May 7, 2013
We have a lot to do before setting off, it nearly as bad as setting out from Colmenar. Chris is packing his stuff into his camper van to head down south, we have to pack the bikes from scratch because everything has been taken out of the bags over the last week and we have to sort out the house, clearing out food and trying to remember to turn off water, electric etc. We’ve planned a short run today as we anticipated starting off late, we expect to feel unfit and Ken’s back is not quite back to normal, so he needs to make sure he doesn’t do any more damage. I’m worried that I’ll forget something vital that we need on the bikes or I’ll forget to do something vital before leaving the house. When we eventually do set off we have that horrible wobbly feeling again as we try to adapt to the weight on the bikes.

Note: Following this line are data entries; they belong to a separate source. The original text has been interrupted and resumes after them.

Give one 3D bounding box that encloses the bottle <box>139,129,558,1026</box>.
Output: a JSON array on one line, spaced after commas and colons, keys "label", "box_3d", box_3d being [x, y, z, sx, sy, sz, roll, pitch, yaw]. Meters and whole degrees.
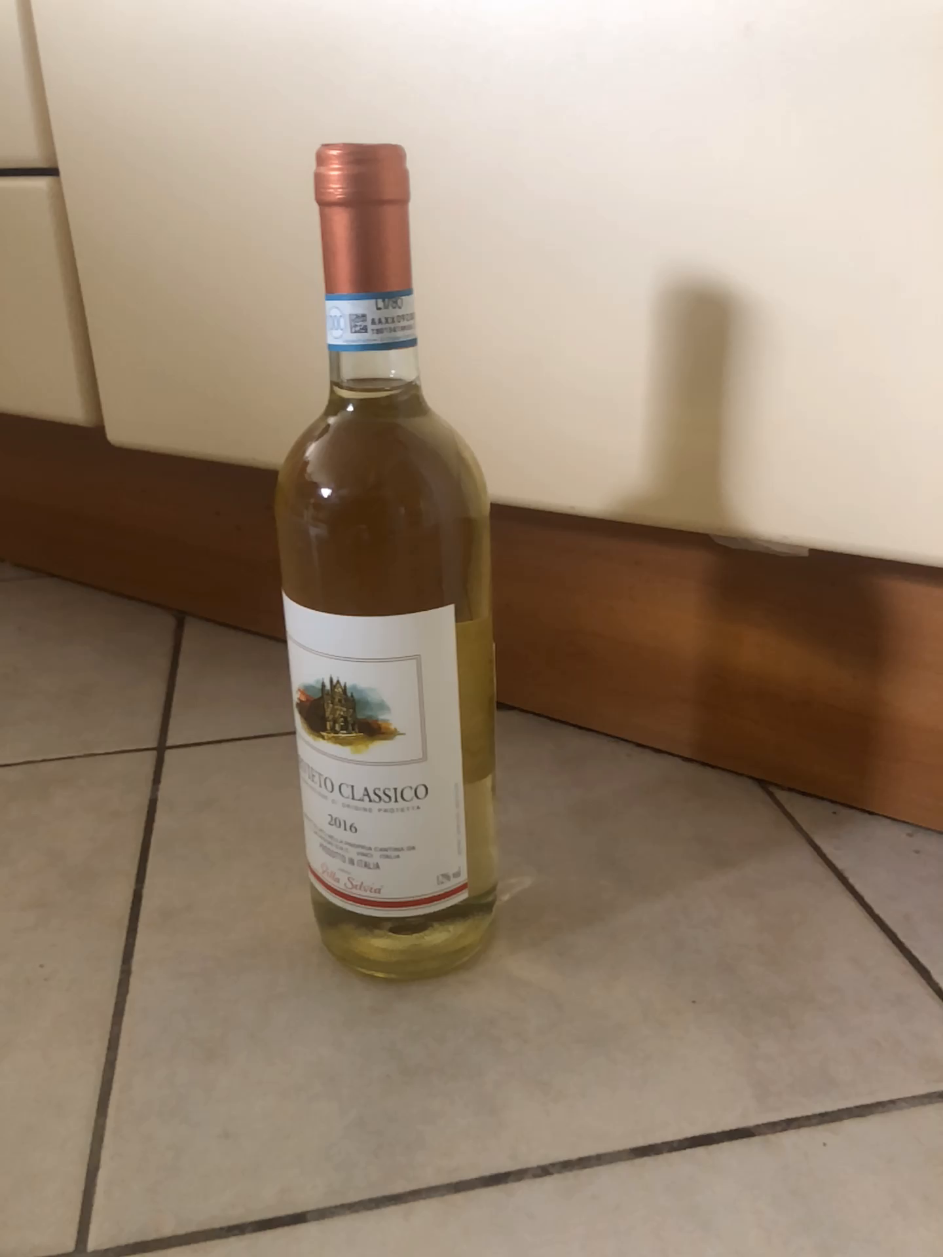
[{"label": "bottle", "box_3d": [-0.031, -0.016, 0.371, 0.090, 0.289, 0.091, -1, 23, 0]}]
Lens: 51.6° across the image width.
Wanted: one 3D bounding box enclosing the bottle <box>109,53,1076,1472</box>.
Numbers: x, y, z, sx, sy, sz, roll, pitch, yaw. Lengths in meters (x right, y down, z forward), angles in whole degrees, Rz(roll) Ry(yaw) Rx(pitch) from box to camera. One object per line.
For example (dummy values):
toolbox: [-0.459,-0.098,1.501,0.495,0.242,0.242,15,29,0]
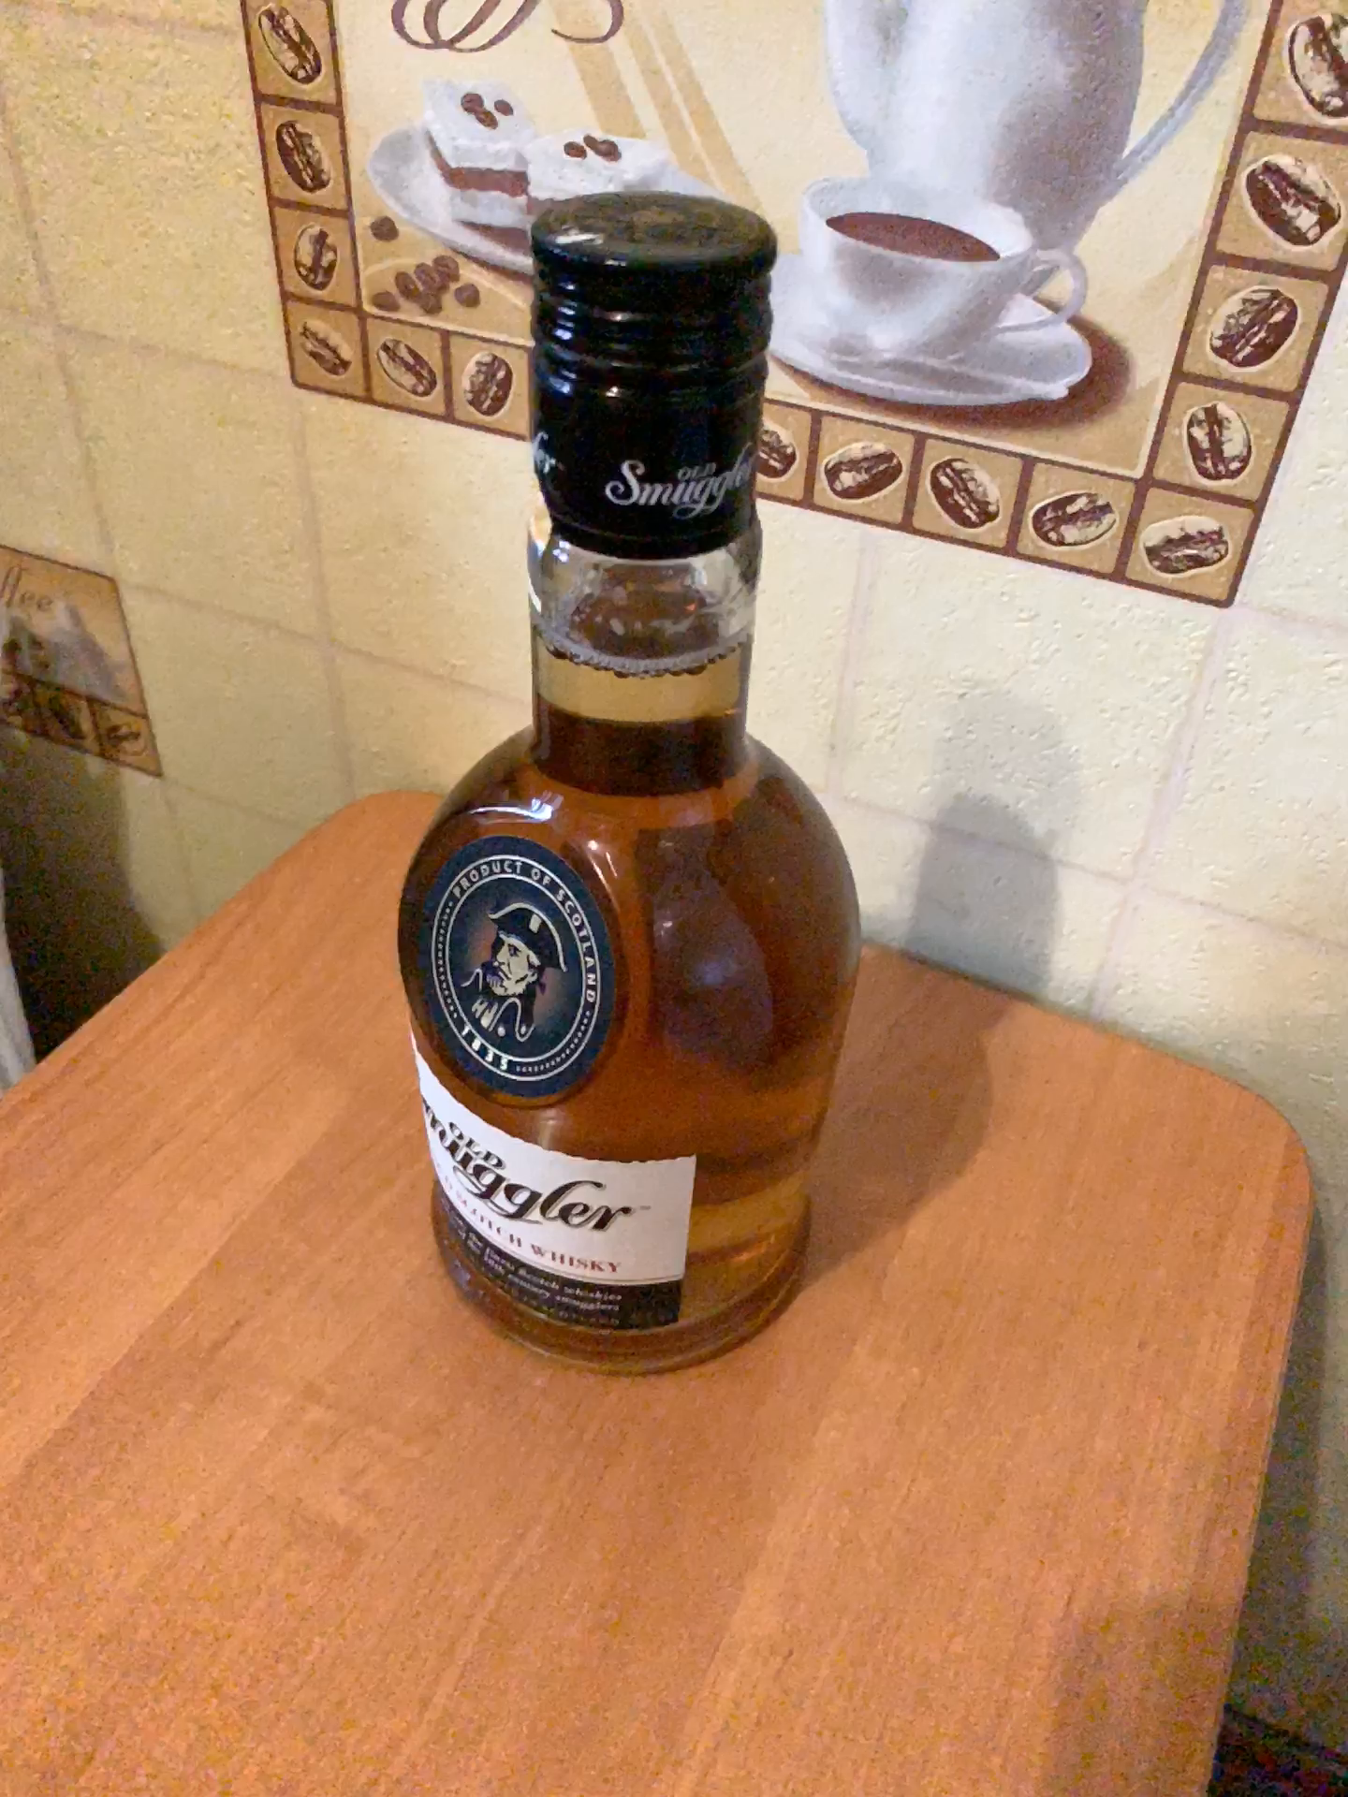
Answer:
bottle: [-0.016,-0.012,0.258,0.100,0.229,0.080,31,47,29]
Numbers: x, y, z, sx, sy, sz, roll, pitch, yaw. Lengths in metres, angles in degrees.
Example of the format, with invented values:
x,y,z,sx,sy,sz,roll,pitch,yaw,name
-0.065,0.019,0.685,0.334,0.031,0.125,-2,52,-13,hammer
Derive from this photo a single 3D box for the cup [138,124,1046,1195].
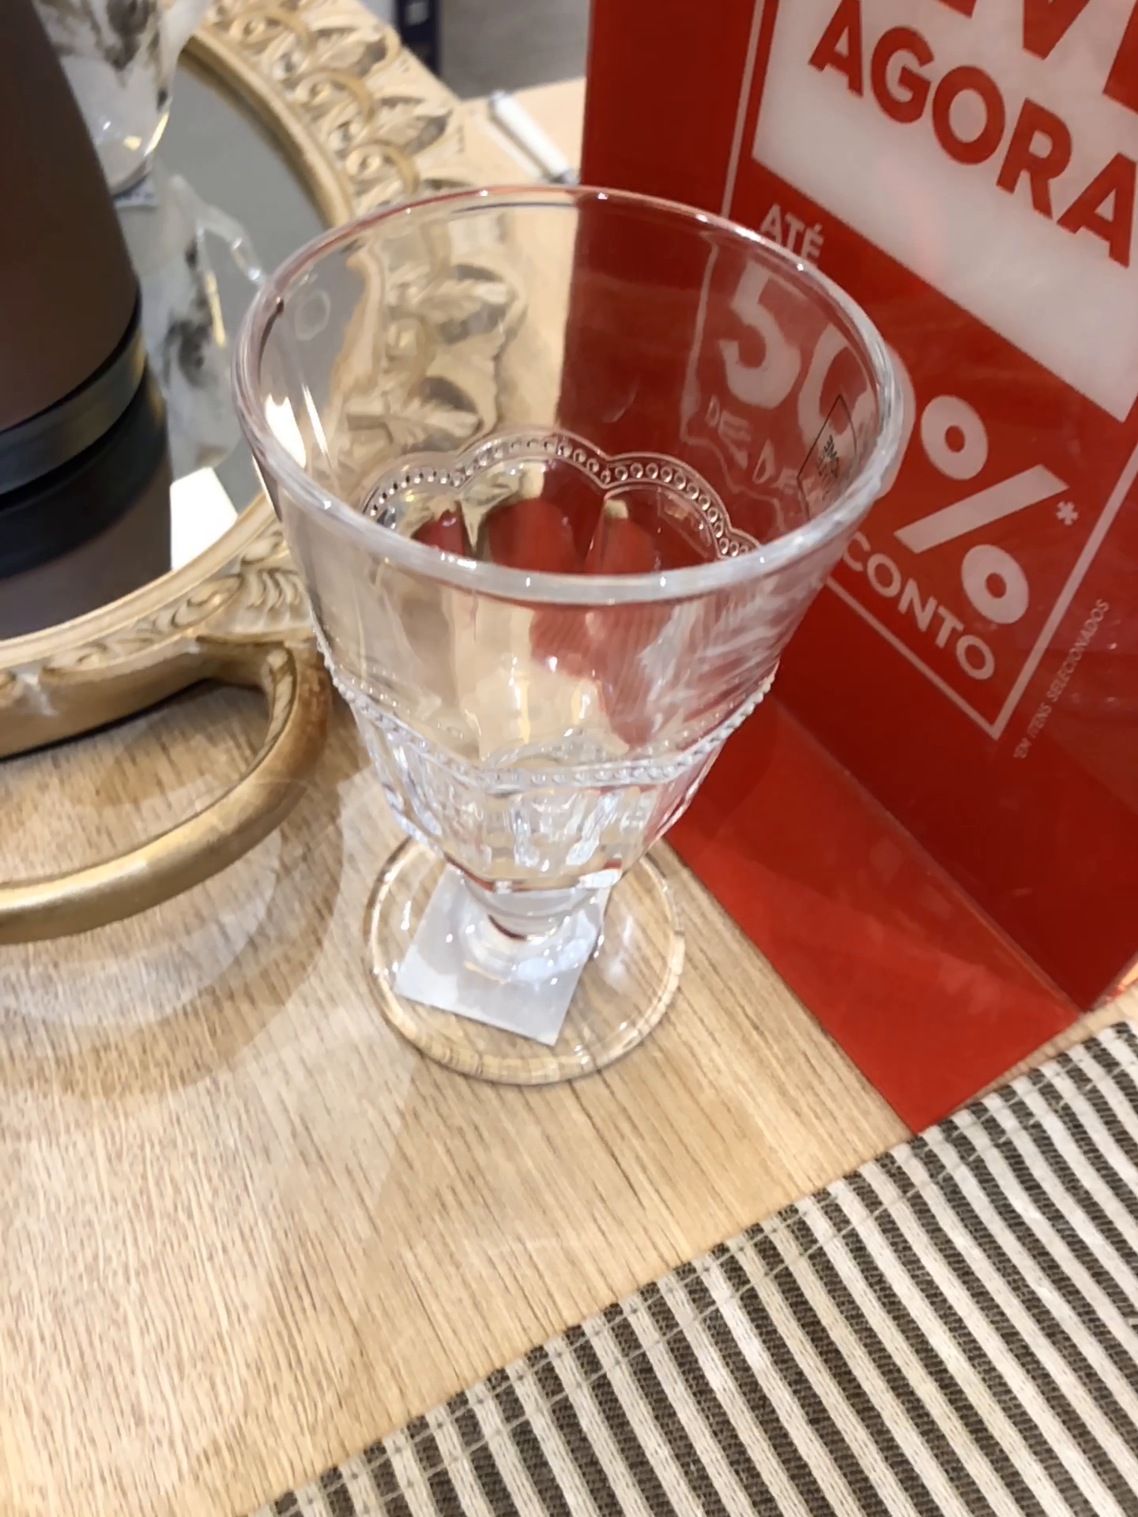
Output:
x,y,z,sx,sy,sz,roll,pitch,yaw,name
-0.005,-0.007,0.204,0.080,0.139,0.080,2,52,-3,cup

We pick up the road we went along a couple of days ago. It is a succession of gradual climbs and gradual descents and we soon get into our stride. The sky is full of dark clouds threatening rain, but there is a slight breeze behind us and it is warm, quite good cycling weather in fact. The landscape is one of remote moorland. We hit a really good stretch of flat road on a plateau for a few kilometres, before running downhill for a few more and then the inevitable long, slow uphill. The rain is still holding off. We seem to be travelling through an area particularly supportive of cycle tourists, people wave, toot their horns or shout ‘bon voyage’ as we pass by and when we stop for a picnic lunch we are joined by a little old lady dressed in black who shook our hands and then talked non-stop for half-an-hour even though we haven’t a clue what she was saying.
The new route we have taken has the benefit of heading towards a place we know called Almeida, which is a fortified village (nearly all the villages on the Portuguese side of the frontier with Spain are fortified and many are the scenes of battles which took place in the Peninsula Wars). It has a Pousada (equivalent of a Parador in Spain) within the walls of the fort, which is an up-market hotel in an historic setting – usually a converted castle. This was another reason for changing our route because struggling to find accommodation can lead to long cycling days, which we don’t want on this first run after a break. At the top of the long hill we reach the village, enter the fort through the gatehouse and check-in to the Pousada with no problems. The Pousada has huge rooms in a classical old style but with new style technology like WiFi, giving me the opportunity to make contact with the outside world for the first time in a week. Our house in Urgueira is a real get-away-from-it-all place where you can’t get a signal for your ‘phone or TV nor WiFi. Nice for a while, but sends you a bit bonkers after that.
The receptionist tells me that it’s going to rain tomorrow and the TV weather forecast says the same thing. Maybe we’ll be lucky again and it won’t materialize.